Mind-body. That you can think yourself sick, or well. Not like magic, but a lot of the time. Like how people won't get sick until vacation a lot of the time, they say "don't have time to get sick" so then on the day off, the mind tells the body "ok now you have time!". All of my kids were born on a day off or weekend, same thing in a way. And once I read a book where the protagonist' hands were burned, very vividly described, and got blisters on my fingertips.

I just really believe a lot of physical illness, and health, comes from thinking.

[–] gandalf_der_12te@discuss.tchncs.de 6 points 2 days ago* (last edited 2 days ago) (1 children)

Uff, i have a lot:

Life on earth is a huge organized organism. It created intelligent humans deliberately sothat we can spread life to other planets. Living beings (plants, insects, other animals, fungi) could not do that otherwise.

All life is sentient. Sentience doesn't come from the brain, rather it comes from the hormones in your bloodstream. When we sweat, these hormones enter the air (apparently within the fraction of a second) and other people can smell them. That is how we can instinctually know how others are feeling.


Also i have a lot of mythology:

Heaven (realm of all ideas, knowledge and forms) and Earth (origin of mass and material) are a love pair. Because they couldn't easily meet (there was an insurmountable gap between them), they created a bridge, which is life. This way, heaven supplies the shape (genes), and Earth supplies the body, and these two can be together in this way.

Viruses are books. They have a cover (shell) and contain scripture (RNA/DNA). We humans let them in because they are nature's messengers and have a specific purpose, which is to exchange some information.

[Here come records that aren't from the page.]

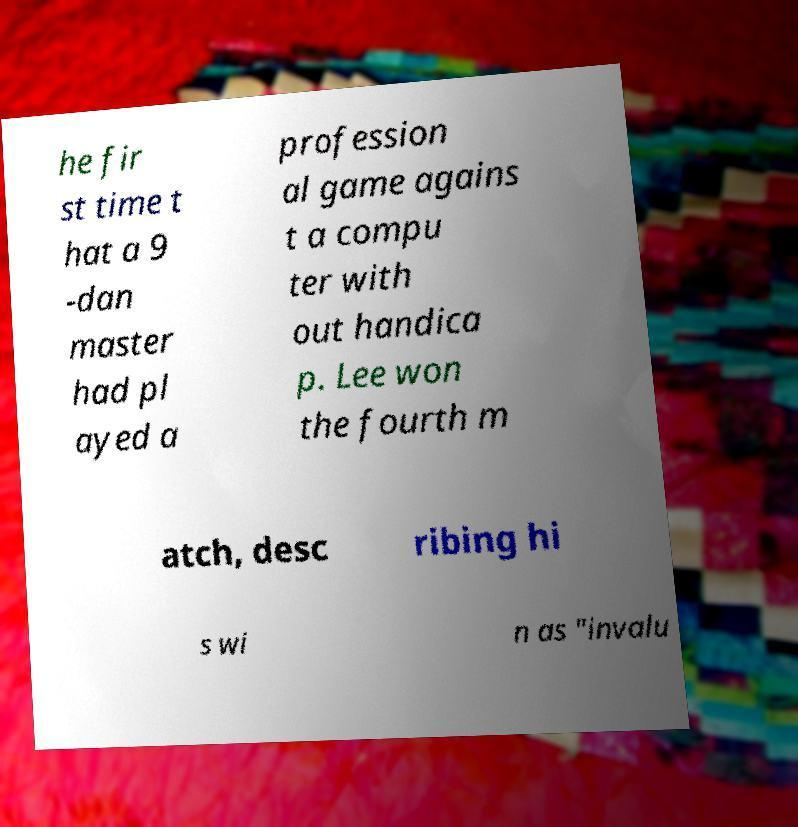What messages or text are displayed in this image? I need them in a readable, typed format. he fir st time t hat a 9 -dan master had pl ayed a profession al game agains t a compu ter with out handica p. Lee won the fourth m atch, desc ribing hi s wi n as "invalu 
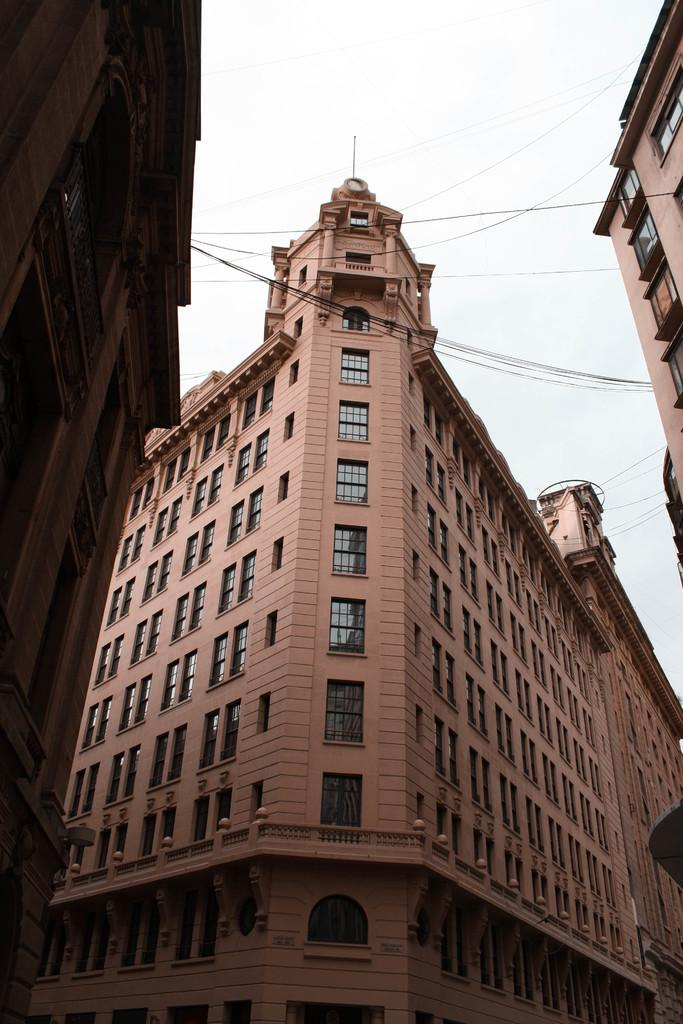What type of structures can be seen in the image? There are buildings in the image. What else is present in the image besides the buildings? There are wires in the image. What can be seen in the background of the image? The sky is visible in the background of the image. Can you tell me how many chickens are in the room in the image? There is no room or chicken present in the image. What type of burst can be seen in the image? There is no burst present in the image. 
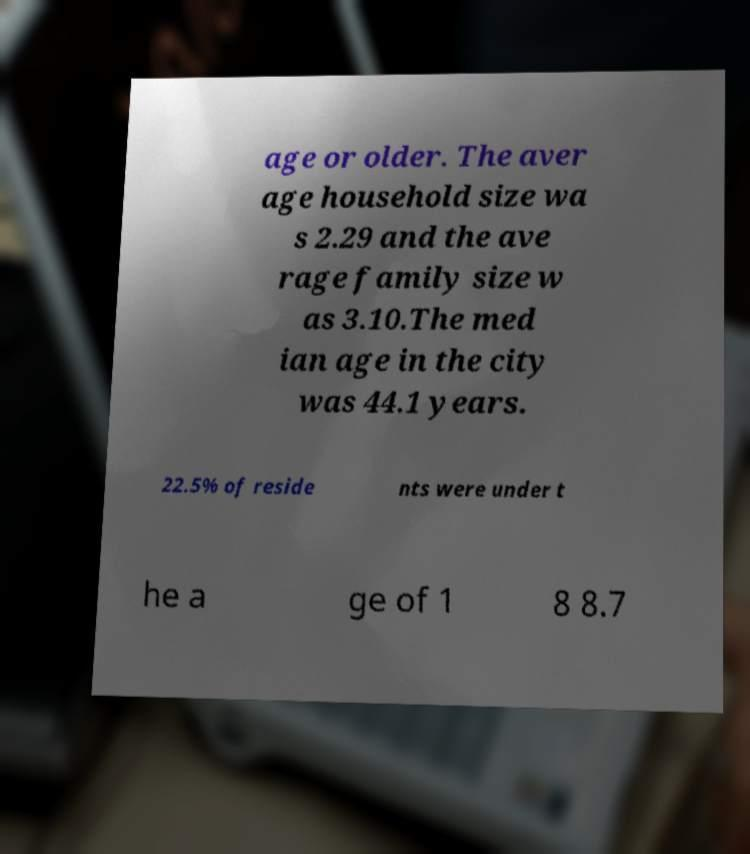For documentation purposes, I need the text within this image transcribed. Could you provide that? age or older. The aver age household size wa s 2.29 and the ave rage family size w as 3.10.The med ian age in the city was 44.1 years. 22.5% of reside nts were under t he a ge of 1 8 8.7 
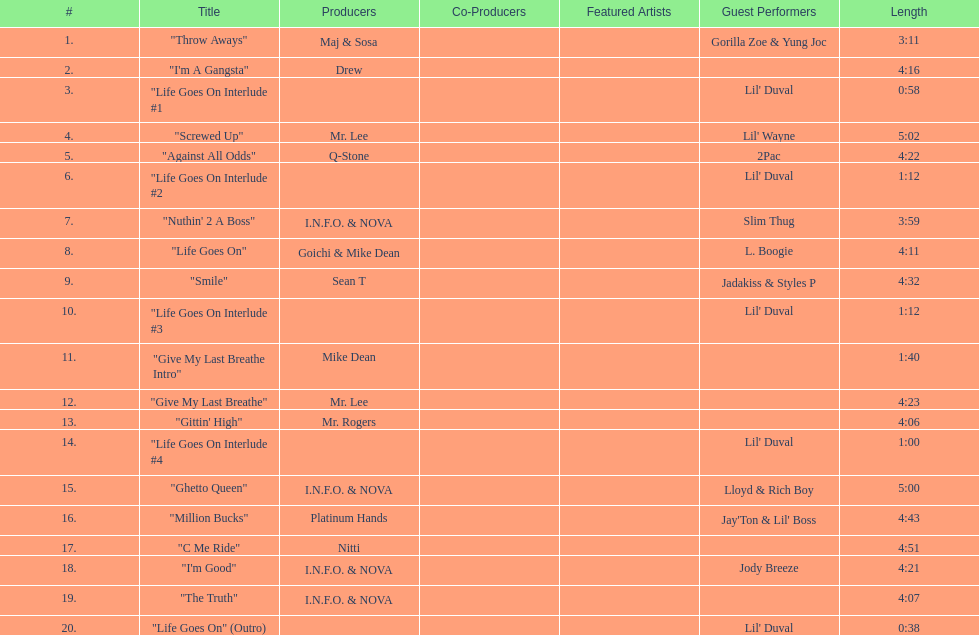Which producers produced the majority of songs on this record? I.N.F.O. & NOVA. 
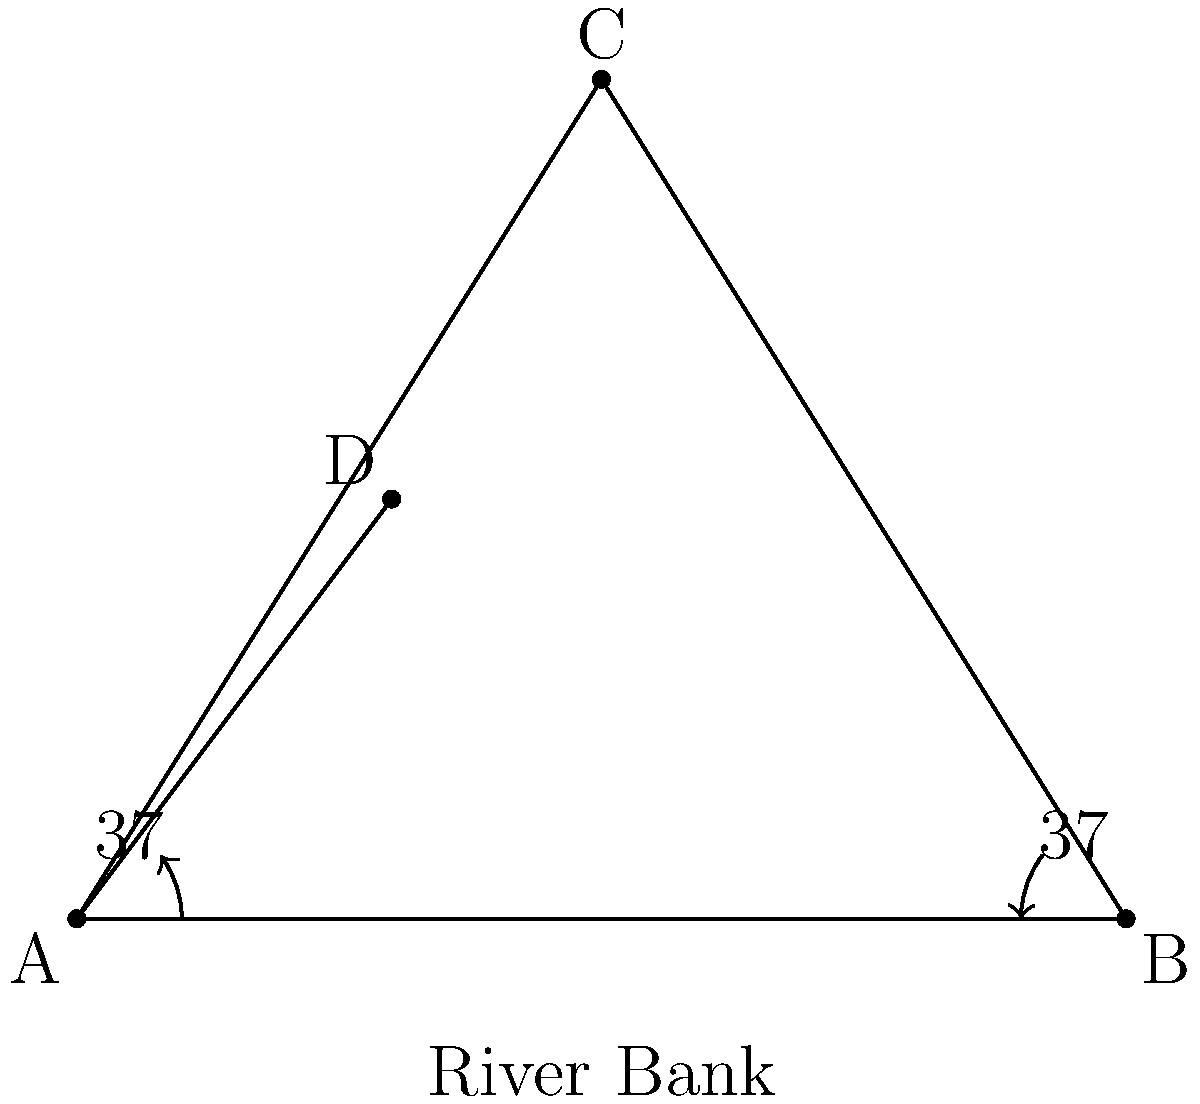During a rowing practice, you and Harry Brightmore are in separate boats on a river. Your boat is at point A, and Harry's boat is at point D. Two landmarks, B and C, are visible on the riverbank. The distance between landmarks B and C is 120 meters. From your position (A), you measure the angle between B and C to be 74°. From landmark B, the angle between your boat (A) and Harry's boat (D) is measured as 37°. Using this information, calculate the distance between your boat and Harry's boat. Let's approach this step-by-step:

1) First, we need to find the distance AB using the law of sines in triangle ABC:

   $$\frac{AB}{\sin 74°} = \frac{BC}{\sin 53°}$$

   (Note: 53° is used because the sum of angles in a triangle is 180°, so 180° - 74° - 53° = 53°)

2) Rearranging the equation:

   $$AB = \frac{BC \cdot \sin 74°}{\sin 53°}$$

3) Plugging in the known value of BC = 120 meters:

   $$AB = \frac{120 \cdot \sin 74°}{\sin 53°} \approx 141.42 \text{ meters}$$

4) Now, in triangle ABD, we know AB and the angle at B (37°). We can use the law of sines again to find AD:

   $$\frac{AD}{\sin 37°} = \frac{AB}{\sin 106°}$$

   (Note: 106° is used because 180° - 37° - 37° = 106°)

5) Rearranging:

   $$AD = \frac{AB \cdot \sin 37°}{\sin 106°}$$

6) Plugging in the value of AB we found:

   $$AD = \frac{141.42 \cdot \sin 37°}{\sin 106°} \approx 85.60 \text{ meters}$$

Therefore, the distance between your boat and Harry's boat is approximately 85.60 meters.
Answer: 85.60 meters 
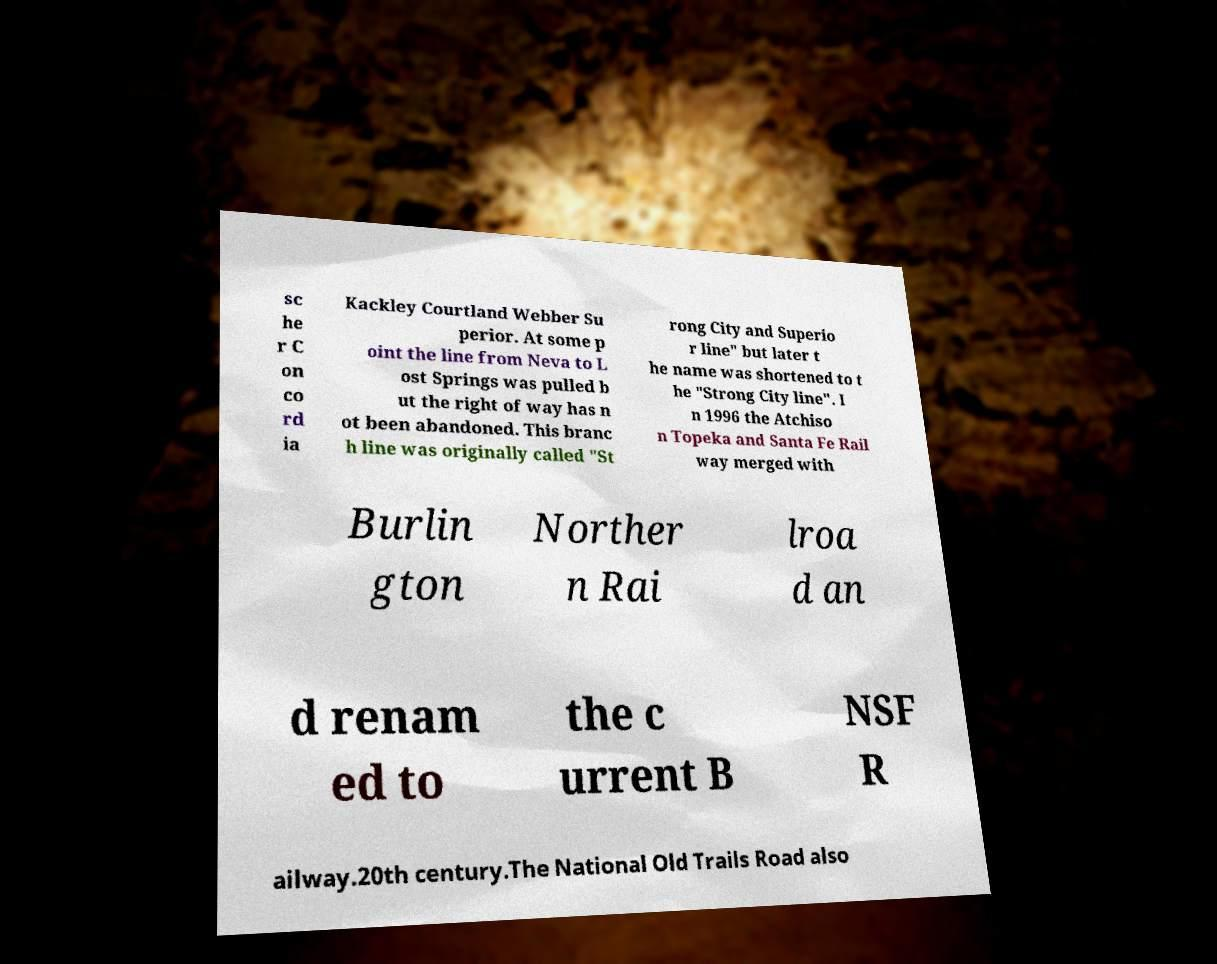There's text embedded in this image that I need extracted. Can you transcribe it verbatim? sc he r C on co rd ia Kackley Courtland Webber Su perior. At some p oint the line from Neva to L ost Springs was pulled b ut the right of way has n ot been abandoned. This branc h line was originally called "St rong City and Superio r line" but later t he name was shortened to t he "Strong City line". I n 1996 the Atchiso n Topeka and Santa Fe Rail way merged with Burlin gton Norther n Rai lroa d an d renam ed to the c urrent B NSF R ailway.20th century.The National Old Trails Road also

[–] gandalf_der_12te@discuss.tchncs.de 3 points 2 days ago (1 children)

ask for more and i will give.

[–] emberpunk@lemmy.ml 10 points 2 days ago (2 children)

It's hard resisting the power of the moon.

[–] milicent_bystandr@lemm.ee 4 points 2 days ago

Especially if you work on a boat, by the coast.

[–] Katrisia@lemm.ee 2 points 2 days ago (1 children)
[–] chatokun@lemmy.dbzer0.com 2 points 2 days ago

Or in the case of Destiny and FFXIV:

[–] HatchetHaro@pawb.social 4 points 2 days ago

Feng Shui, though I mostly credit it to the Dear Modern channel breaking the concept of qi and energy down into stuff like human traffic flow, activities, scenery, and noise, and using that to optimize spaces for comfort. It's mostly psychology, and some of the superstitious stuff I'm not really into.

[–] smb@lemmy.ml 3 points 2 days ago

I believe that literally every esotheric and nonesotheric bullshit is more trustworthy than everything a politician says at any given moment.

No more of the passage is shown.